If the CIP, in its current incarnation, tells us one thing, it is that we are not banking on the future—we are banking on hope. Lebanon is attempting to raise some $20 billion in new money, whether in the form of public-private partnerships (PPP), grants, or concessional lending, all of which will have to be reimbursed in one way or another; no one invests without the expectation of returns.

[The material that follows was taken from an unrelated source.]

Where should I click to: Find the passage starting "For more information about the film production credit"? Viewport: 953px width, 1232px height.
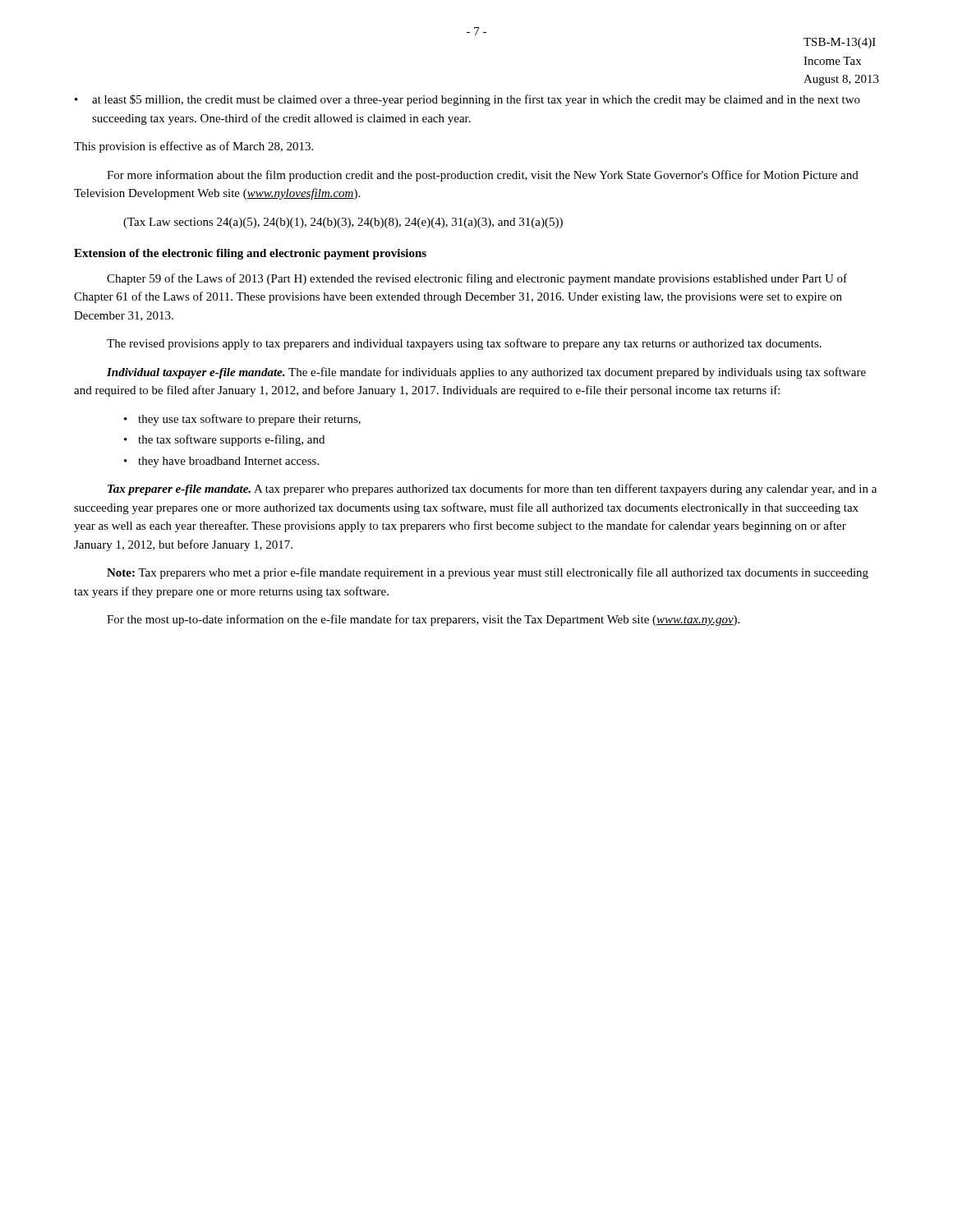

Repayment arrangements will likely vary by stakeholder. The World Bank, for example, would want to be reimbursed in monetary returns and is interested in avoiding the headache of Lebanese instability. The hope of institutions like the European Bank for Reconstruction and Development (EBRD) and others is to maintain stability and keep Syrian refugees from leaving Lebanon and flooding into the EU. For this, they are ready to provide concessional loans, essentially at subsidized rates of interest. But loans remain loans and, of course, EBRD would like to get their money back, with a little bit of compensation for their time and effort. PPP partners will hold similar expectations in the sense that they may want to help Lebanon, but with clear expectation of investment security and profits. Some Lebanese, be they locals or diaspora, may be interested in doing something for their country, but even they will expect to see real returns on their investments. Taking on $20 billion in debt to pay for these projects means Lebanon would have an obligation of $20 billion, meaning each and every Lebanese national acquires a future obligation, piling on burden to our collective responsibility. So we as a society have to be aware of that.

Painful reforms

Lawmakers are considering a 5 or 6 percent budget position cut to state spending that the cabinet endorsed in mid-March. What we spent in 2017, almost $16 billion, is lower than the new obligations that the CIP could represent, $20 billion. If we borrow this money, it is just reshaping and increasing our obligation. Our public debt is now over $80 billion, and new debt from implementing the CIP means we are burdening new generations long into the future. These obligations will only be met if there is an increase in economic productivity, and economists Executive spoke with predict that Lebanon needs to achieve, over many years, at least an 8 percent annual growth rate to claw its way out from under the public debt.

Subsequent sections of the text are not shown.